Acaban de terminar las Navidades, un periodo lleno de celebraciones de lo más variopintas, algunas religiosas y otras paganas, unas formales y otras desmelenadas.
Cada uno, según creencias, costumbres, educación, estado de ánimo y tradición familiar, elige aquellas actividades con las que más se identifica o que más le apetecen. Pero nadie se libra de la publicidad mediática de finales de diciembre y principios de enero.
¿Se han preguntado alguna vez por qué los anuncios navideños son, masivamente, de perfumes?
Anuncios cortados por el mismo patrón
La finalidad fundamental de la publicidad es persuadir al receptor para que consuma un determinado producto. Las empresas invierten en anuncios tanto para dar a conocer sus artículos como para destacarlos en relación a otros parecidos que puedan existir en el mercado. No obstante, si la publicidad no consigue su objetivo, esto es, si el producto no se vende, se deja de invertir en él o se cambia de estrategia. Si, por el contrario, se vende como rosquillas, la empresa concluirá que la inversión ha resultado rentable.
Pero ocurre un fenómeno muy curioso: habiendo miles de productos de diferente naturaleza y categoría para regalar en Navidad, el bombardeo publicitario se centra masivamente (por no decir en exclusiva) en la industria del perfume. Más llamativo aún: existiendo tanto recurso publicitario creativo, con tanta táctica distinta y tanto método novedoso y original, los anuncios de perfumes son todos prácticamente idénticos.
Está claro que estamos ante una fórmula que resulta netamente rentable, pero… ¿por qué?
Probablemente porque existe una base biológica en todo ello. Y es extraordinariamente potente.
La evolución del olfato en el ser humano
El olfato es un sentido bastante peculiar en el Homo sapiens. En principio, parece poco trascendente, sobre todo si nos comparamos con otros mamíferos. Un perro, por ejemplo, estructura el conocimiento de su universo receptivo en función de los olores que percibe.
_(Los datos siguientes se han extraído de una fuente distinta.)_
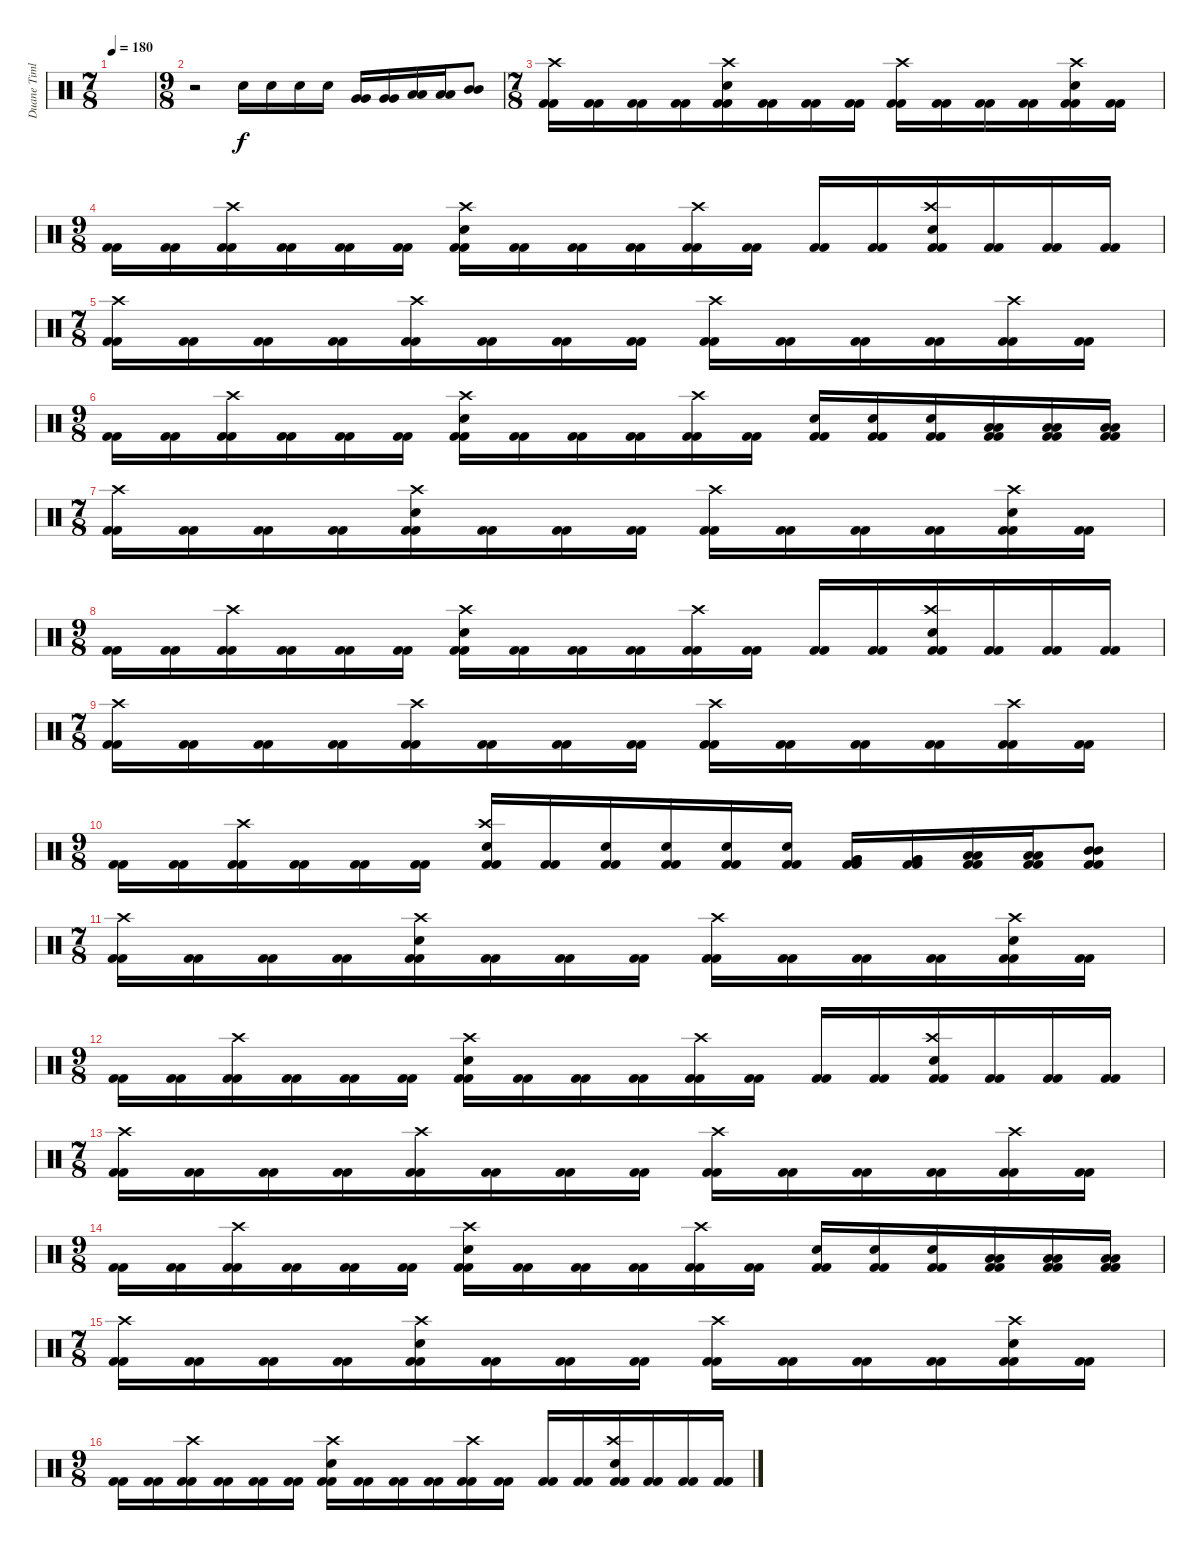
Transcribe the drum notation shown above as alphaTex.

\track ("Duane Timlin" "Duane Timl") {instrument percussion}
\staff {score}
\articulation defaults
\ts (7 8)
\tempo 180
\clef neutral
\ks c
|
\ts (9 8)
r.2 "Electric Snare (hit)".16 "Electric Snare (hit)".16 "Electric Snare (hit)".16 "Electric Snare (hit)".16 ("Very Low Tom (hit)" "Very Low Tom (hit)").16 ("Very Low Tom (hit)" "Very Low Tom (hit)").16 ("Low Tom (hit)" "Low Tom (hit)").16 ("Low Tom (hit)" "Low Tom (hit)").16 ("Mid Tom (hit)" "Mid Tom (hit)").8 |
\ts (7 8)
("Crash high (hit)" "Kick (hit) 2" "Kick (hit) 2").16 ("Kick (hit) 2" "Kick (hit) 2").16 ("Kick (hit) 2" "Kick (hit) 2").16 ("Kick (hit) 2" "Kick (hit) 2").16 ("Crash high (hit)" "Electric Snare (hit)" "Kick (hit) 2" "Kick (hit) 2").16 ("Kick (hit) 2" "Kick (hit) 2").16 ("Kick (hit) 2" "Kick (hit) 2").16 ("Kick (hit) 2" "Kick (hit) 2").16 ("Crash high (hit)" "Kick (hit) 2" "Kick (hit) 2").16 ("Kick (hit) 2" "Kick (hit) 2").16 ("Kick (hit) 2" "Kick (hit) 2").16 ("Kick (hit) 2" "Kick (hit) 2").16 ("Crash high (hit)" "Electric Snare (hit)" "Kick (hit) 2" "Kick (hit) 2").16 ("Kick (hit) 2" "Kick (hit) 2").16 |
\ts (9 8)
("Kick (hit) 2" "Kick (hit) 2").16 ("Kick (hit) 2" "Kick (hit) 2").16 ("Crash high (hit)" "Kick (hit) 2" "Kick (hit) 2").16 ("Kick (hit) 2" "Kick (hit) 2").16 ("Kick (hit) 2" "Kick (hit) 2").16 ("Kick (hit) 2" "Kick (hit) 2").16 ("Crash high (hit)" "Electric Snare (hit)" "Kick (hit) 2" "Kick (hit) 2").16 ("Kick (hit) 2" "Kick (hit) 2").16 ("Kick (hit) 2" "Kick (hit) 2").16 ("Kick (hit) 2" "Kick (hit) 2").16 ("Crash high (hit)" "Kick (hit) 2" "Kick (hit) 2").16 ("Kick (hit) 2" "Kick (hit) 2").16 ("Kick (hit) 2" "Kick (hit) 2").16 ("Kick (hit) 2" "Kick (hit) 2").16 ("Crash high (hit)" "Electric Snare (hit)" "Kick (hit) 2" "Kick (hit) 2").16 ("Kick (hit) 2" "Kick (hit) 2").16 ("Kick (hit) 2" "Kick (hit) 2").16 ("Kick (hit) 2" "Kick (hit) 2").16 |
\ts (7 8)
("Crash high (hit)" "Kick (hit) 2" "Kick (hit) 2").16 ("Kick (hit) 2" "Kick (hit) 2").16 ("Kick (hit) 2" "Kick (hit) 2").16 ("Kick (hit) 2" "Kick (hit) 2").16 ("Crash high (hit)" "Kick (hit) 2" "Kick (hit) 2").16 ("Kick (hit) 2" "Kick (hit) 2").16 ("Kick (hit) 2" "Kick (hit) 2").16 ("Kick (hit) 2" "Kick (hit) 2").16 ("Crash high (hit)" "Kick (hit) 2" "Kick (hit) 2").16 ("Kick (hit) 2" "Kick (hit) 2").16 ("Kick (hit) 2" "Kick (hit) 2").16 ("Kick (hit) 2" "Kick (hit) 2").16 ("Crash high (hit)" "Kick (hit) 2" "Kick (hit) 2").16 ("Kick (hit) 2" "Kick (hit) 2").16 |
\ts (9 8)
("Kick (hit) 2" "Kick (hit) 2").16 ("Kick (hit) 2" "Kick (hit) 2").16 ("Crash high (hit)" "Kick (hit) 2" "Kick (hit) 2").16 ("Kick (hit) 2" "Kick (hit) 2").16 ("Kick (hit) 2" "Kick (hit) 2").16 ("Kick (hit) 2" "Kick (hit) 2").16 ("Crash high (hit)" "Electric Snare (hit)" "Kick (hit) 2" "Kick (hit) 2").16 ("Kick (hit) 2" "Kick (hit) 2").16 ("Kick (hit) 2" "Kick (hit) 2").16 ("Kick (hit) 2" "Kick (hit) 2").16 ("Crash high (hit)" "Kick (hit) 2" "Kick (hit) 2").16 ("Kick (hit) 2" "Kick (hit) 2").16 ("Electric Snare (hit)" "Kick (hit) 2" "Kick (hit) 2").16 ("Electric Snare (hit)" "Kick (hit) 2" "Kick (hit) 2").16 ("Electric Snare (hit)" "Kick (hit) 2" "Kick (hit) 2").16 ("Low Tom (hit)" "Low Tom (hit)" "Kick (hit) 2" "Kick (hit) 2").16 ("Low Tom (hit)" "Low Tom (hit)" "Kick (hit) 2" "Kick (hit) 2").16 ("Low Tom (hit)" "Low Tom (hit)" "Kick (hit) 2" "Kick (hit) 2").16 |
\ts (7 8)
("Crash high (hit)" "Kick (hit) 2" "Kick (hit) 2").16 ("Kick (hit) 2" "Kick (hit) 2").16 ("Kick (hit) 2" "Kick (hit) 2").16 ("Kick (hit) 2" "Kick (hit) 2").16 ("Crash high (hit)" "Electric Snare (hit)" "Kick (hit) 2" "Kick (hit) 2").16 ("Kick (hit) 2" "Kick (hit) 2").16 ("Kick (hit) 2" "Kick (hit) 2").16 ("Kick (hit) 2" "Kick (hit) 2").16 ("Crash high (hit)" "Kick (hit) 2" "Kick (hit) 2").16 ("Kick (hit) 2" "Kick (hit) 2").16 ("Kick (hit) 2" "Kick (hit) 2").16 ("Kick (hit) 2" "Kick (hit) 2").16 ("Crash high (hit)" "Electric Snare (hit)" "Kick (hit) 2" "Kick (hit) 2").16 ("Kick (hit) 2" "Kick (hit) 2").16 |
\ts (9 8)
("Kick (hit) 2" "Kick (hit) 2").16 ("Kick (hit) 2" "Kick (hit) 2").16 ("Crash high (hit)" "Kick (hit) 2" "Kick (hit) 2").16 ("Kick (hit) 2" "Kick (hit) 2").16 ("Kick (hit) 2" "Kick (hit) 2").16 ("Kick (hit) 2" "Kick (hit) 2").16 ("Crash high (hit)" "Electric Snare (hit)" "Kick (hit) 2" "Kick (hit) 2").16 ("Kick (hit) 2" "Kick (hit) 2").16 ("Kick (hit) 2" "Kick (hit) 2").16 ("Kick (hit) 2" "Kick (hit) 2").16 ("Crash high (hit)" "Kick (hit) 2" "Kick (hit) 2").16 ("Kick (hit) 2" "Kick (hit) 2").16 ("Kick (hit) 2" "Kick (hit) 2").16 ("Kick (hit) 2" "Kick (hit) 2").16 ("Crash high (hit)" "Electric Snare (hit)" "Kick (hit) 2" "Kick (hit) 2").16 ("Kick (hit) 2" "Kick (hit) 2").16 ("Kick (hit) 2" "Kick (hit) 2").16 ("Kick (hit) 2" "Kick (hit) 2").16 |
\ts (7 8)
("Crash high (hit)" "Kick (hit) 2" "Kick (hit) 2").16 ("Kick (hit) 2" "Kick (hit) 2").16 ("Kick (hit) 2" "Kick (hit) 2").16 ("Kick (hit) 2" "Kick (hit) 2").16 ("Crash high (hit)" "Kick (hit) 2" "Kick (hit) 2").16 ("Kick (hit) 2" "Kick (hit) 2").16 ("Kick (hit) 2" "Kick (hit) 2").16 ("Kick (hit) 2" "Kick (hit) 2").16 ("Crash high (hit)" "Kick (hit) 2" "Kick (hit) 2").16 ("Kick (hit) 2" "Kick (hit) 2").16 ("Kick (hit) 2" "Kick (hit) 2").16 ("Kick (hit) 2" "Kick (hit) 2").16 ("Crash high (hit)" "Kick (hit) 2" "Kick (hit) 2").16 ("Kick (hit) 2" "Kick (hit) 2").16 |
\ts (9 8)
("Kick (hit) 2" "Kick (hit) 2").16 ("Kick (hit) 2" "Kick (hit) 2").16 ("Crash high (hit)" "Kick (hit) 2" "Kick (hit) 2").16 ("Kick (hit) 2" "Kick (hit) 2").16 ("Kick (hit) 2" "Kick (hit) 2").16 ("Kick (hit) 2" "Kick (hit) 2").16 ("Crash high (hit)" "Electric Snare (hit)" "Kick (hit) 2" "Kick (hit) 2").16 ("Kick (hit) 2" "Kick (hit) 2").16 ("Electric Snare (hit)" "Kick (hit) 2" "Kick (hit) 2").16 ("Electric Snare (hit)" "Kick (hit) 2" "Kick (hit) 2").16 ("Electric Snare (hit)" "Kick (hit) 2" "Kick (hit) 2").16 ("Electric Snare (hit)" "Kick (hit) 2" "Kick (hit) 2").16 ("Very Low Tom (hit)" "Very Low Tom (hit)" "Kick (hit) 2" "Kick (hit) 2").16 ("Very Low Tom (hit)" "Very Low Tom (hit)" "Kick (hit) 2" "Kick (hit) 2").16 ("Low Tom (hit)" "Low Tom (hit)" "Kick (hit) 2" "Kick (hit) 2").16 ("Low Tom (hit)" "Low Tom (hit)" "Kick (hit) 2" "Kick (hit) 2").16 ("Mid Tom (hit)" "Mid Tom (hit)" "Kick (hit) 2" "Kick (hit) 2").8 |
\ts (7 8)
("Crash high (hit)" "Kick (hit) 2" "Kick (hit) 2").16 ("Kick (hit) 2" "Kick (hit) 2").16 ("Kick (hit) 2" "Kick (hit) 2").16 ("Kick (hit) 2" "Kick (hit) 2").16 ("Crash high (hit)" "Electric Snare (hit)" "Kick (hit) 2" "Kick (hit) 2").16 ("Kick (hit) 2" "Kick (hit) 2").16 ("Kick (hit) 2" "Kick (hit) 2").16 ("Kick (hit) 2" "Kick (hit) 2").16 ("Crash high (hit)" "Kick (hit) 2" "Kick (hit) 2").16 ("Kick (hit) 2" "Kick (hit) 2").16 ("Kick (hit) 2" "Kick (hit) 2").16 ("Kick (hit) 2" "Kick (hit) 2").16 ("Crash high (hit)" "Electric Snare (hit)" "Kick (hit) 2" "Kick (hit) 2").16 ("Kick (hit) 2" "Kick (hit) 2").16 |
\ts (9 8)
("Kick (hit) 2" "Kick (hit) 2").16 ("Kick (hit) 2" "Kick (hit) 2").16 ("Crash high (hit)" "Kick (hit) 2" "Kick (hit) 2").16 ("Kick (hit) 2" "Kick (hit) 2").16 ("Kick (hit) 2" "Kick (hit) 2").16 ("Kick (hit) 2" "Kick (hit) 2").16 ("Crash high (hit)" "Electric Snare (hit)" "Kick (hit) 2" "Kick (hit) 2").16 ("Kick (hit) 2" "Kick (hit) 2").16 ("Kick (hit) 2" "Kick (hit) 2").16 ("Kick (hit) 2" "Kick (hit) 2").16 ("Crash high (hit)" "Kick (hit) 2" "Kick (hit) 2").16 ("Kick (hit) 2" "Kick (hit) 2").16 ("Kick (hit) 2" "Kick (hit) 2").16 ("Kick (hit) 2" "Kick (hit) 2").16 ("Crash high (hit)" "Electric Snare (hit)" "Kick (hit) 2" "Kick (hit) 2").16 ("Kick (hit) 2" "Kick (hit) 2").16 ("Kick (hit) 2" "Kick (hit) 2").16 ("Kick (hit) 2" "Kick (hit) 2").16 |
\ts (7 8)
("Crash high (hit)" "Kick (hit) 2" "Kick (hit) 2").16 ("Kick (hit) 2" "Kick (hit) 2").16 ("Kick (hit) 2" "Kick (hit) 2").16 ("Kick (hit) 2" "Kick (hit) 2").16 ("Crash high (hit)" "Kick (hit) 2" "Kick (hit) 2").16 ("Kick (hit) 2" "Kick (hit) 2").16 ("Kick (hit) 2" "Kick (hit) 2").16 ("Kick (hit) 2" "Kick (hit) 2").16 ("Crash high (hit)" "Kick (hit) 2" "Kick (hit) 2").16 ("Kick (hit) 2" "Kick (hit) 2").16 ("Kick (hit) 2" "Kick (hit) 2").16 ("Kick (hit) 2" "Kick (hit) 2").16 ("Crash high (hit)" "Kick (hit) 2" "Kick (hit) 2").16 ("Kick (hit) 2" "Kick (hit) 2").16 |
\ts (9 8)
("Kick (hit) 2" "Kick (hit) 2").16 ("Kick (hit) 2" "Kick (hit) 2").16 ("Crash high (hit)" "Kick (hit) 2" "Kick (hit) 2").16 ("Kick (hit) 2" "Kick (hit) 2").16 ("Kick (hit) 2" "Kick (hit) 2").16 ("Kick (hit) 2" "Kick (hit) 2").16 ("Crash high (hit)" "Electric Snare (hit)" "Kick (hit) 2" "Kick (hit) 2").16 ("Kick (hit) 2" "Kick (hit) 2").16 ("Kick (hit) 2" "Kick (hit) 2").16 ("Kick (hit) 2" "Kick (hit) 2").16 ("Crash high (hit)" "Kick (hit) 2" "Kick (hit) 2").16 ("Kick (hit) 2" "Kick (hit) 2").16 ("Electric Snare (hit)" "Kick (hit) 2" "Kick (hit) 2").16 ("Electric Snare (hit)" "Kick (hit) 2" "Kick (hit) 2").16 ("Electric Snare (hit)" "Kick (hit) 2" "Kick (hit) 2").16 ("Low Tom (hit)" "Low Tom (hit)" "Kick (hit) 2" "Kick (hit) 2").16 ("Low Tom (hit)" "Low Tom (hit)" "Kick (hit) 2" "Kick (hit) 2").16 ("Low Tom (hit)" "Low Tom (hit)" "Kick (hit) 2" "Kick (hit) 2").16 |
\ts (7 8)
("Crash high (hit)" "Kick (hit) 2" "Kick (hit) 2").16 ("Kick (hit) 2" "Kick (hit) 2").16 ("Kick (hit) 2" "Kick (hit) 2").16 ("Kick (hit) 2" "Kick (hit) 2").16 ("Crash high (hit)" "Electric Snare (hit)" "Kick (hit) 2" "Kick (hit) 2").16 ("Kick (hit) 2" "Kick (hit) 2").16 ("Kick (hit) 2" "Kick (hit) 2").16 ("Kick (hit) 2" "Kick (hit) 2").16 ("Crash high (hit)" "Kick (hit) 2" "Kick (hit) 2").16 ("Kick (hit) 2" "Kick (hit) 2").16 ("Kick (hit) 2" "Kick (hit) 2").16 ("Kick (hit) 2" "Kick (hit) 2").16 ("Crash high (hit)" "Electric Snare (hit)" "Kick (hit) 2" "Kick (hit) 2").16 ("Kick (hit) 2" "Kick (hit) 2").16 |
\ts (9 8)
("Kick (hit) 2" "Kick (hit) 2").16 ("Kick (hit) 2" "Kick (hit) 2").16 ("Crash high (hit)" "Kick (hit) 2" "Kick (hit) 2").16 ("Kick (hit) 2" "Kick (hit) 2").16 ("Kick (hit) 2" "Kick (hit) 2").16 ("Kick (hit) 2" "Kick (hit) 2").16 ("Crash high (hit)" "Electric Snare (hit)" "Kick (hit) 2" "Kick (hit) 2").16 ("Kick (hit) 2" "Kick (hit) 2").16 ("Kick (hit) 2" "Kick (hit) 2").16 ("Kick (hit) 2" "Kick (hit) 2").16 ("Crash high (hit)" "Kick (hit) 2" "Kick (hit) 2").16 ("Kick (hit) 2" "Kick (hit) 2").16 ("Kick (hit) 2" "Kick (hit) 2").16 ("Kick (hit) 2" "Kick (hit) 2").16 ("Crash high (hit)" "Electric Snare (hit)" "Kick (hit) 2" "Kick (hit) 2").16 ("Kick (hit) 2" "Kick (hit) 2").16 ("Kick (hit) 2" "Kick (hit) 2").16 ("Kick (hit) 2" "Kick (hit) 2").16

La configuración de su mundo es, fundamentalmente, olfativa.
Nuestra especie, por el contrario, procede de un linaje evolutivo donde han convergido dos fenómenos muy interesantes. Por una parte, nuestros ojos han pasado de tener una localización física originalmente lateral a situarse frontalmente, lo que permite que las áreas de visión de ambos ojos se superpongan. Esto, que a priori pudiese parecer poco importante, ha sido de lo más revolucionario: nos ha permitido la visión estereoscópica, lo que implica que nuestra corteza visual puede procesar la profundidad y la distancia a las que están situados los objetos.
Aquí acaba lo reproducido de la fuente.